In his commentary, Verleger (1995) argues against the proposal that the P300 is due to phase locked theta activity (1995). He points out that most of the power of the P300 lies in the delta range. Furthermore, he emphasizes his opinion that without incorporating a variety of ERP-experiments, any theory about brain physiology and memory will be incomplete. In my reply I refer to data which indicate that regardless of the effects of other frequency bands, theta power significantly influences the amplitude and latency of the P300. With respect to incorporating results from ERP-experiments, I argue that what would be needed is a direct comparison between ERP-results and results from comprehensive spectral analyses. For reasons outlined below, a critical issue for such a comparison would be to determine frequency bands individually for each subject.
2. In a series of interesting experiments, Basar and his coworkers have documented that auditory and visual evoked potentials are composed of significant portions of theta and alpha power. Furthermore, these data provide evidence for the view that auditory and visual evoked potentials can be described in terms of a phase locked oscillatory response within the alpha and theta band (e.g., Basar & Schormann, 1995; Schormann & Basar, 1995; and the general review in Basar, 1992). The critical question, however, whether the typical P300 can be explained in a similar way, still remains an open question on the basis of these data. However, in a study focusing on the frequency decomposition of the P300, we (Klimesch, Schimke & Pienert, 1995) have found that although most of the P300 power lies in the delta range (as Verleger has pointed out correctly), latency- and amplitude- measures were significantly influenced by the theta band.
3. When considering the fact that theta may influence the P300 significantly although most of the P300 power is due to EEG delta activity, the crucial question is where theta ends and delta begins. I think most researchers will agree that the definition of the cut off point between theta and delta is quite arbitrary. In a variety of experiments we have found repeatedly that the alpha bands must be defined individually by adjusting the two alpha bands to mean individual alpha frequency which is used as the cut off point between the lower and upper band. In Klimesch, Schimke & Schwaiger (1994) we have found in addition to this result that only if theta too is adjusted individually to the alpha bands, can the reported results about theta and episodic memory (see the target article) be observed. This means that frequency bands vary individually and that for example, a subject with a very slow mean alpha frequency would also have a slow theta, which (by the traditional view) would already be in the delta range. This finding and the fact that the P300 becomes increasingly affected by slower frequencies going from the theta to the delta range are important reasons against the traditional (sometimes extreme) low pass filtering in ERP-studies.

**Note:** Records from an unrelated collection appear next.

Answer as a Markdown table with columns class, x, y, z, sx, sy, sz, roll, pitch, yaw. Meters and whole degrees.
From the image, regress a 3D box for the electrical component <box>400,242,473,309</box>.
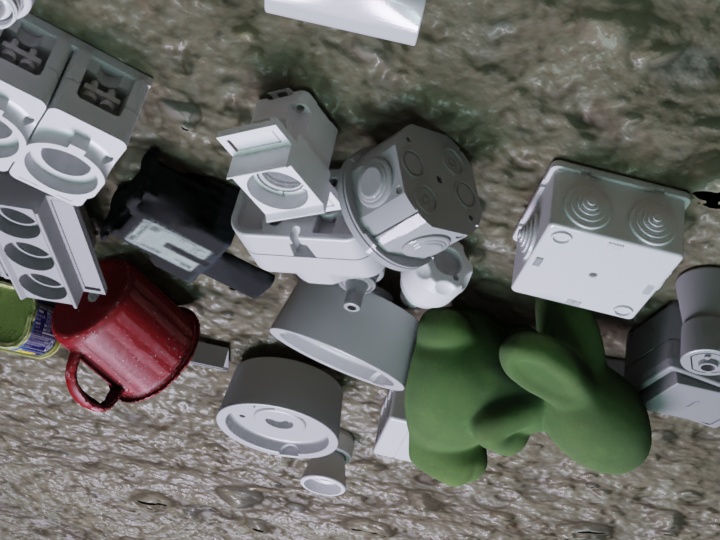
| class | x | y | z | sx | sy | sz | roll | pitch | yaw |
| --- | --- | --- | --- | --- | --- | --- | --- | --- | --- |
| electrical component | 0.048 | 0.007 | 0.750 | 0.043 | 0.043 | 0.062 | 21 | 149 | -13 |

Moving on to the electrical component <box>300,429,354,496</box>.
| class | x | y | z | sx | sy | sz | roll | pitch | yaw |
| --- | --- | --- | --- | --- | --- | --- | --- | --- | --- |
| electrical component | -0.031 | 0.186 | 1.051 | 0.045 | 0.055 | 0.045 | 8 | 147 | 6 |

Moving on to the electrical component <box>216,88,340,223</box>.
| class | x | y | z | sx | sy | sz | roll | pitch | yaw |
| --- | --- | --- | --- | --- | --- | --- | --- | --- | --- |
| electrical component | -0.043 | -0.069 | 0.641 | 0.042 | 0.063 | 0.081 | -8 | 144 | 28 |

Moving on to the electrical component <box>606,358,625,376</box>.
| class | x | y | z | sx | sy | sz | roll | pitch | yaw |
| --- | --- | --- | --- | --- | --- | --- | --- | --- | --- |
| electrical component | 0.169 | 0.102 | 0.856 | 0.077 | 0.047 | 0.065 | 8 | 148 | 8 |

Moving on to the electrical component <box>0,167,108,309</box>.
| class | x | y | z | sx | sy | sz | roll | pitch | yaw |
| --- | --- | --- | --- | --- | --- | --- | --- | --- | --- |
| electrical component | -0.225 | -0.033 | 0.761 | 0.079 | 0.063 | 0.121 | 9 | 148 | 5 |

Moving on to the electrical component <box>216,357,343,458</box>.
| class | x | y | z | sx | sy | sz | roll | pitch | yaw |
| --- | --- | --- | --- | --- | --- | --- | --- | --- | --- |
| electrical component | -0.066 | 0.115 | 0.945 | 0.108 | 0.060 | 0.108 | 9 | 148 | 6 |

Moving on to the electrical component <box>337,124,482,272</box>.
| class | x | y | z | sx | sy | sz | roll | pitch | yaw |
| --- | --- | --- | --- | --- | --- | --- | --- | --- | --- |
| electrical component | 0.030 | -0.044 | 0.643 | 0.080 | 0.080 | 0.051 | 32 | 138 | -29 |

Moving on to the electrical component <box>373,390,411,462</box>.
| class | x | y | z | sx | sy | sz | roll | pitch | yaw |
| --- | --- | --- | --- | --- | --- | --- | --- | --- | --- |
| electrical component | 0.059 | 0.134 | 0.944 | 0.076 | 0.047 | 0.083 | 14 | 148 | -3 |

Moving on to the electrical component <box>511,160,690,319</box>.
| class | x | y | z | sx | sy | sz | roll | pitch | yaw |
| --- | --- | --- | --- | --- | --- | --- | --- | --- | --- |
| electrical component | 0.148 | -0.016 | 0.675 | 0.100 | 0.048 | 0.099 | 14 | 149 | -3 |

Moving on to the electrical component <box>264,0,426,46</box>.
| class | x | y | z | sx | sy | sz | roll | pitch | yaw |
| --- | --- | --- | --- | --- | --- | --- | --- | --- | --- |
| electrical component | -0.003 | -0.150 | 0.517 | 0.077 | 0.044 | 0.079 | 13 | 148 | -1 |

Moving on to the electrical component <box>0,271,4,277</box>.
| class | x | y | z | sx | sy | sz | roll | pitch | yaw |
| --- | --- | --- | --- | --- | --- | --- | --- | --- | --- |
| electrical component | -0.277 | -0.013 | 0.834 | 0.065 | 0.044 | 0.044 | 17 | 148 | -17 |

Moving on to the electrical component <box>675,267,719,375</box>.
| class | x | y | z | sx | sy | sz | roll | pitch | yaw |
| --- | --- | --- | --- | --- | --- | --- | --- | --- | --- |
| electrical component | 0.231 | 0.036 | 0.713 | 0.044 | 0.065 | 0.044 | 9 | 148 | 6 |

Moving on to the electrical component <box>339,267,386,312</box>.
| class | x | y | z | sx | sy | sz | roll | pitch | yaw |
| --- | --- | --- | --- | --- | --- | --- | --- | --- | --- |
| electrical component | 0.000 | 0.000 | 0.738 | 0.035 | 0.061 | 0.035 | 9 | 148 | 6 |

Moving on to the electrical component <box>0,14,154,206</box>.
| class | x | y | z | sx | sy | sz | roll | pitch | yaw |
| --- | --- | --- | --- | --- | --- | --- | --- | --- | --- |
| electrical component | -0.216 | -0.105 | 0.645 | 0.150 | 0.061 | 0.089 | 26 | 146 | -22 |

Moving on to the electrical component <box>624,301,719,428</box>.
| class | x | y | z | sx | sy | sz | roll | pitch | yaw |
| --- | --- | --- | --- | --- | --- | --- | --- | --- | --- |
| electrical component | 0.246 | 0.075 | 0.773 | 0.096 | 0.061 | 0.061 | 20 | 148 | -12 |

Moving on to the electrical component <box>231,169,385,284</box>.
| class | x | y | z | sx | sy | sz | roll | pitch | yaw |
| --- | --- | --- | --- | --- | --- | --- | --- | --- | --- |
| electrical component | -0.028 | -0.029 | 0.705 | 0.095 | 0.053 | 0.059 | 4 | 151 | 19 |

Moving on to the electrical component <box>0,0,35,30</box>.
| class | x | y | z | sx | sy | sz | roll | pitch | yaw |
| --- | --- | --- | --- | --- | --- | --- | --- | --- | --- |
| electrical component | -0.195 | -0.148 | 0.569 | 0.048 | 0.062 | 0.048 | 9 | 148 | 5 |

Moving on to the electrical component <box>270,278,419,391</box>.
| class | x | y | z | sx | sy | sz | roll | pitch | yaw |
| --- | --- | --- | --- | --- | --- | --- | --- | --- | --- |
| electrical component | -0.005 | 0.040 | 0.795 | 0.108 | 0.060 | 0.108 | 23 | 168 | 5 |

4. Of course, Verleger is right in his opinion that the variety of interesting ERP-data he was summarizing are very important for our understanding of brain physiology and memory. However, incorporating these results into a theory of brain oscillations would require a completely new method of analyzing ERPs which nonetheless could easily be obtained. This new method would require us: a) not to use extreme low pass filtering; b) to define frequency windows individually; c) to compute filtered ERPs in a similar way Basar is doing but within individually determined frequency bands; and d) to compare the obtained results with traditional procedures. On the basis of this or a similar procedure, future research will provide valuable information about the usefulness of the proposed brain oscillation theory.

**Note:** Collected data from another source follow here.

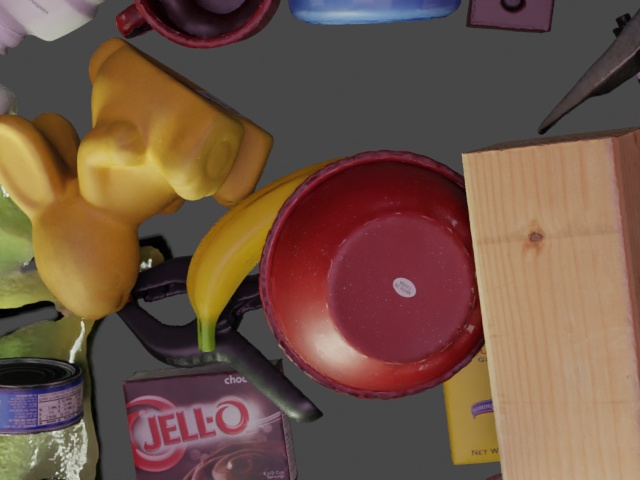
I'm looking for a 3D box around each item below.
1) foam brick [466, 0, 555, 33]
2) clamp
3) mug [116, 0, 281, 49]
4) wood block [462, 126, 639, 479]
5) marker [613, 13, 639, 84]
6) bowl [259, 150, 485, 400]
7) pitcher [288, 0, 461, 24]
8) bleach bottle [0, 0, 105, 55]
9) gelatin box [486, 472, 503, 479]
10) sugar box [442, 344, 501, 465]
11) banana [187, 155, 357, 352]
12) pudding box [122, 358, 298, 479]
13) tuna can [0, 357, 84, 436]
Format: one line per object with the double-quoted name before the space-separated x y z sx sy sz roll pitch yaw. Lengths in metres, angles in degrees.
"foam brick" 0.124 -0.173 0.680 0.053 0.051 0.078 6 99 5
"clamp" -0.063 0.062 0.722 0.171 0.039 0.120 -1 61 12
"mug" -0.078 -0.162 0.686 0.117 0.081 0.093 -31 94 9
"wood block" 0.151 0.042 0.634 0.091 0.090 0.206 -5 97 28
"marker" 0.224 -0.092 0.698 0.020 0.020 0.121 -26 95 9
"bowl" 0.045 0.026 0.656 0.162 0.055 0.162 -1 97 -7
"pitcher" 0.023 -0.252 0.629 0.149 0.145 0.243 -5 104 -11
"bleach bottle" -0.144 -0.228 0.694 0.102 0.068 0.251 44 102 -1
"gelatin box" 0.169 0.185 0.741 0.089 0.030 0.073 -28 96 9
"sugar box" 0.124 0.058 0.718 0.093 0.048 0.176 -7 99 6
"banana" -0.016 -0.011 0.700 0.197 0.037 0.069 -35 122 -8
"pudding box" -0.077 0.134 0.752 0.113 0.039 0.090 -7 96 6
"tuna can" -0.207 0.107 0.738 0.086 0.086 0.034 3 97 5

5. Finally it should also be taken into account that oscillatory processes might trigger changes in the overall threshold in large neural cell assemblies thereby generating slow potential shifts which are reflected by slow ERP components. This hypothesis is testable. What is required would be once again a systematic comparison between ERP-data and data from spectral analyses by focusing additionally on a comparison between pre- and post-stimulus processes.
Basar, E. (1992) Brain natural frequencies are causal factors for resonances and induced rhythms. In E. Basar & T. H. Bulock (eds.), Induced rhythms in the brain (p. 425-467). Boston: Birkhauser.
Basar, E., & Schormann, M. (1995) Functional aspects of evoked alpha and theta responses in humans and cats. Biological Cybernetics, in press.
Klimesch, W. (1995) Memory Processes Described as Brain Oscillations in the EEG-Alpha and Theta Bands. PSYCOLOQUY 6(6) memory-brain.1.klimesch.
Klimesch, W., Schimke, H. & Schwaiger, J. (1994) Episodic and semantic memory: An analysis in the EEG-theta and alpha band. Electroencephalography & Clinical Neuro-physiology, 91, 428-441.
Klimesch, W., Schimke, H. & Pienert, Ch. (1995) Frequency components of the P300. Manuscript in preparation.
Schormann, M. & Basar, E. (1995) Topography of alpha and theta oscillatory responses upon auditory and visual stimuli in humans. Biological Cybernetics, in press.
Verleger, R. (1995) Memory-related EEG Potentials: Slow Negativities, Priming Positivity, Recognition Positivity, and Dm. PSYCOLOQUY 6(27) memory-brain.3.verleger.